Every line in the listing below that holds the word "view" should be returned.

◆ Data for this task ◆
******************************

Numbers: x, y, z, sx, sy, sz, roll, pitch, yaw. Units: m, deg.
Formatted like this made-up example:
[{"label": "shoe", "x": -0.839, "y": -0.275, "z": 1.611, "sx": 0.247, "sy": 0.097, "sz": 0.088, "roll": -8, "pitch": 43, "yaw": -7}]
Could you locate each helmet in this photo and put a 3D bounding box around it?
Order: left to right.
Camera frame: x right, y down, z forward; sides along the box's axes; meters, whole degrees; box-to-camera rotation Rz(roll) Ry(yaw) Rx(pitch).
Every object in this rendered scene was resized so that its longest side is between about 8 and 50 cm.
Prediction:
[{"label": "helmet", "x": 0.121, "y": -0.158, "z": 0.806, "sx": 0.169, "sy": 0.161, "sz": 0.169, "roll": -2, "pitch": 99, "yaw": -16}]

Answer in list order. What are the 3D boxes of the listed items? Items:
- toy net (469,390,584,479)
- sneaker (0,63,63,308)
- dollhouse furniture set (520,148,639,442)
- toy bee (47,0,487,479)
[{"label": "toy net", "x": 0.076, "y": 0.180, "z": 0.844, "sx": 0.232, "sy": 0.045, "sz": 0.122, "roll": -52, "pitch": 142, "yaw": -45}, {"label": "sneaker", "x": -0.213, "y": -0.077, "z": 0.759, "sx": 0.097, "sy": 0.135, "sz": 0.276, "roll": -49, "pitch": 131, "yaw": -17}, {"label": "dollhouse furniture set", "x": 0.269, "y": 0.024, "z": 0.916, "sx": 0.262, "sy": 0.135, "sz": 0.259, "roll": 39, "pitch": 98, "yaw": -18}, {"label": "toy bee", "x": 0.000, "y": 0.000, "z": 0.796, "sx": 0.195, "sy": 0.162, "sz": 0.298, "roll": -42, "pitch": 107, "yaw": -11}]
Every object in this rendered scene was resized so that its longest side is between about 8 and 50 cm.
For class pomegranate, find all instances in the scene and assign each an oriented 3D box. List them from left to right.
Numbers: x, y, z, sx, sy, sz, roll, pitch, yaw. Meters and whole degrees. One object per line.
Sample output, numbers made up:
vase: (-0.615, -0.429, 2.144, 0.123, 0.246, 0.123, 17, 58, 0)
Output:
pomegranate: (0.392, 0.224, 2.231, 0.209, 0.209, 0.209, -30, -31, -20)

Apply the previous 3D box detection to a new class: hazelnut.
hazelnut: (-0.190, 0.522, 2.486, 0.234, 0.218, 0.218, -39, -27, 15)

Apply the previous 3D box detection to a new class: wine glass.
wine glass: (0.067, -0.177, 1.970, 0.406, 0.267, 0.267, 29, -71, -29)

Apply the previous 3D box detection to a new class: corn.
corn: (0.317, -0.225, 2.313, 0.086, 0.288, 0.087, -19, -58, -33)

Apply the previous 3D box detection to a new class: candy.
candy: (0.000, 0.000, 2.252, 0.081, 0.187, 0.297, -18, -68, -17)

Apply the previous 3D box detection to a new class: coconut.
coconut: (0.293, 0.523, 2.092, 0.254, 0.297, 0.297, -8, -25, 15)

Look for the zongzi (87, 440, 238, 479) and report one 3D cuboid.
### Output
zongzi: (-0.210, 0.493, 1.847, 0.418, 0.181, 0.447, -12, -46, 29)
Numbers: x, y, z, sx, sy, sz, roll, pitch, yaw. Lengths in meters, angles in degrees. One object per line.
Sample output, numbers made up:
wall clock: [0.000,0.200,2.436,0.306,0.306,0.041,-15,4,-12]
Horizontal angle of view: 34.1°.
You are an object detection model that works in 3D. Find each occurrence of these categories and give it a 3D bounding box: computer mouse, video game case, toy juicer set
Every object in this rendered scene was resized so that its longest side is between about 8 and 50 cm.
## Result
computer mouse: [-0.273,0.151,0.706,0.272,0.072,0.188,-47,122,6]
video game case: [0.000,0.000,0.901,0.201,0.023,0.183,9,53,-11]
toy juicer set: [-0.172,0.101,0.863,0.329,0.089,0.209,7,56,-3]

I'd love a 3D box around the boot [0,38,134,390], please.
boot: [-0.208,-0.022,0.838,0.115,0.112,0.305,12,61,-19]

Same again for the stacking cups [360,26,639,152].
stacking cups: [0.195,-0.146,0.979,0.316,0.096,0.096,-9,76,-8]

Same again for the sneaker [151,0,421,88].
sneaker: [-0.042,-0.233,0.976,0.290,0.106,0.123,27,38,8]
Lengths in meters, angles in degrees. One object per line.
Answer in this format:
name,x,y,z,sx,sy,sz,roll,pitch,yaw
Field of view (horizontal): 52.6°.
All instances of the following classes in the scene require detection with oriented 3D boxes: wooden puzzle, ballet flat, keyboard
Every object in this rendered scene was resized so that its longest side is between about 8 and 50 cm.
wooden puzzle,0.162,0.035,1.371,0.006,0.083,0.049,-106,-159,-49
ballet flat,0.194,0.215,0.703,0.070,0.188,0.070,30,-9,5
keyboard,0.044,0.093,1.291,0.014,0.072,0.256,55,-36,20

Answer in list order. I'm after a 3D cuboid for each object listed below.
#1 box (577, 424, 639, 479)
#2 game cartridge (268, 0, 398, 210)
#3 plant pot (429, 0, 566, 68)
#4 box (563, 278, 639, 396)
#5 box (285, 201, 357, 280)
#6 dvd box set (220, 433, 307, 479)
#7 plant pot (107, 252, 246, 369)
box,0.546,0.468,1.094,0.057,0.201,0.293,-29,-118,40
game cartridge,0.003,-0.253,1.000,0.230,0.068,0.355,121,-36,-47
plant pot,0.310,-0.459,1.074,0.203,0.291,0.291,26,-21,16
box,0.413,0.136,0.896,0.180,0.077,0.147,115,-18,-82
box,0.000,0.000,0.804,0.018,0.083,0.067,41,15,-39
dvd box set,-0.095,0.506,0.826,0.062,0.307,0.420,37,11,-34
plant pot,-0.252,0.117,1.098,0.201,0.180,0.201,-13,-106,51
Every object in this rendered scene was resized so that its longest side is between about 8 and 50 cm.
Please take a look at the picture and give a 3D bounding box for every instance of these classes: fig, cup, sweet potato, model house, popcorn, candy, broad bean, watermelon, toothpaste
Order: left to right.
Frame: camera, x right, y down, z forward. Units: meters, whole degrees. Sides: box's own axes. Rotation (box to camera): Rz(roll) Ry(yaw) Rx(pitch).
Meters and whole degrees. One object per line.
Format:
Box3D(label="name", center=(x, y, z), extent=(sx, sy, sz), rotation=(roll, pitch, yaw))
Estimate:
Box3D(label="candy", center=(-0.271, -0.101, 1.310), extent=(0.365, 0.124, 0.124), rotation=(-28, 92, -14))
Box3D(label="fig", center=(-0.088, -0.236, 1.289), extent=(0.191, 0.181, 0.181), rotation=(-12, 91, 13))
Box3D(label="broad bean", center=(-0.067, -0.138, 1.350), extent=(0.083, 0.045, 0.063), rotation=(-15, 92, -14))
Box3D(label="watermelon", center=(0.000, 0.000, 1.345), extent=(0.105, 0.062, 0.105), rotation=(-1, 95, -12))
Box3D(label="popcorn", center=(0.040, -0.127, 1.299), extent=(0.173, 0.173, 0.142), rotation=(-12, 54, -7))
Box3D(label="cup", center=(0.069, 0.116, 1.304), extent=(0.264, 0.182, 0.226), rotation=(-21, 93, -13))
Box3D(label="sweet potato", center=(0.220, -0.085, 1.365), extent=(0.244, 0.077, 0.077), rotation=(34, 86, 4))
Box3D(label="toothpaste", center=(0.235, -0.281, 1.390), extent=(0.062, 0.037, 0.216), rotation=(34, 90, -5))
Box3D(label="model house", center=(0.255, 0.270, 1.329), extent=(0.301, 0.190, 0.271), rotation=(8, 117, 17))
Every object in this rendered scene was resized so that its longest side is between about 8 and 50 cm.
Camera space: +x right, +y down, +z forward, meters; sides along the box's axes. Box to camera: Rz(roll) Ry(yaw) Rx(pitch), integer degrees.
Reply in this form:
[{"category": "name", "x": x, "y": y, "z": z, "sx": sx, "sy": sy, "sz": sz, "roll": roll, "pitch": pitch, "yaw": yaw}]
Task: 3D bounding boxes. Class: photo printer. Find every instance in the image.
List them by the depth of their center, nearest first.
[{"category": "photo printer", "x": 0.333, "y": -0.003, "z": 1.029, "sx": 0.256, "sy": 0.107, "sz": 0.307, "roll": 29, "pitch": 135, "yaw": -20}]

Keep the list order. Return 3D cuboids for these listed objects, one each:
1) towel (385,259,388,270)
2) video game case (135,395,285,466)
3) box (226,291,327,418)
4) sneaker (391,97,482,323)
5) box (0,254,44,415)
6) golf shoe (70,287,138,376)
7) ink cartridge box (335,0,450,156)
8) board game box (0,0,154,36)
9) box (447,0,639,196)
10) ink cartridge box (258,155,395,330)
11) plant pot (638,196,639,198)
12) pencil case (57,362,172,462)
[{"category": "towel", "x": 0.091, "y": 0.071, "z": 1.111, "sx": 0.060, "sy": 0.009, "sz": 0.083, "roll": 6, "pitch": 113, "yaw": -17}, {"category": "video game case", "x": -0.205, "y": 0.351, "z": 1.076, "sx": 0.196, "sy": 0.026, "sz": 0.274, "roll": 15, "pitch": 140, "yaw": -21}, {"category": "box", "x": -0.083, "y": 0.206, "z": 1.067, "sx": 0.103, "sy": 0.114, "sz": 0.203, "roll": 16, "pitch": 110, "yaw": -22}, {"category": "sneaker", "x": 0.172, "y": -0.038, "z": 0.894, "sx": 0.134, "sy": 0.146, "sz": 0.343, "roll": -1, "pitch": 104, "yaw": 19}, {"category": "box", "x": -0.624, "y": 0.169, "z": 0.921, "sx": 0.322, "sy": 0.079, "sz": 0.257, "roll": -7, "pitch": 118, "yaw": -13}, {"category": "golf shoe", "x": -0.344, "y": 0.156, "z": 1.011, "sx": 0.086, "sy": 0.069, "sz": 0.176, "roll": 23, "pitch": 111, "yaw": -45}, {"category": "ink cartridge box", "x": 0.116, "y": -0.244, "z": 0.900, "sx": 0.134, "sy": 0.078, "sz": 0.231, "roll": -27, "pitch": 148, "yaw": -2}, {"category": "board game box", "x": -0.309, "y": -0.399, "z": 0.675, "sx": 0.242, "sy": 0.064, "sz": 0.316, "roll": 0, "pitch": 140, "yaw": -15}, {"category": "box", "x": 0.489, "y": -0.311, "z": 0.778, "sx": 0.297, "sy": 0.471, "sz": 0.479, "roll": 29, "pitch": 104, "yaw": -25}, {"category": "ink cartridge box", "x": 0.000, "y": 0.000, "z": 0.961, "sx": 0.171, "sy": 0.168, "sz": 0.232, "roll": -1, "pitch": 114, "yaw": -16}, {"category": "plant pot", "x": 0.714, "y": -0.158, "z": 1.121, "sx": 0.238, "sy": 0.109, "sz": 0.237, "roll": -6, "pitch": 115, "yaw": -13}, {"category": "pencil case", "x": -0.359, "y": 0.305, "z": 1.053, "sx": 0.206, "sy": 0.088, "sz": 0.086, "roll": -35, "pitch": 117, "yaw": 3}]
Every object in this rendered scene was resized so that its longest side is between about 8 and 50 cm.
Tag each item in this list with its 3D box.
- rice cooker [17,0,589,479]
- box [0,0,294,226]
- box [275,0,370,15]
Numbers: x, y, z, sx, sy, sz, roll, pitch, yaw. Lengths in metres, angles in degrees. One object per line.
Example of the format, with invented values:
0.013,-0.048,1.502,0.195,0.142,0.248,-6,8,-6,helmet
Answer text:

******************************

◆ Exercise answer ◆
Horizontal angle of view: 34.1°.
Field of view (horizontal): 52.6°.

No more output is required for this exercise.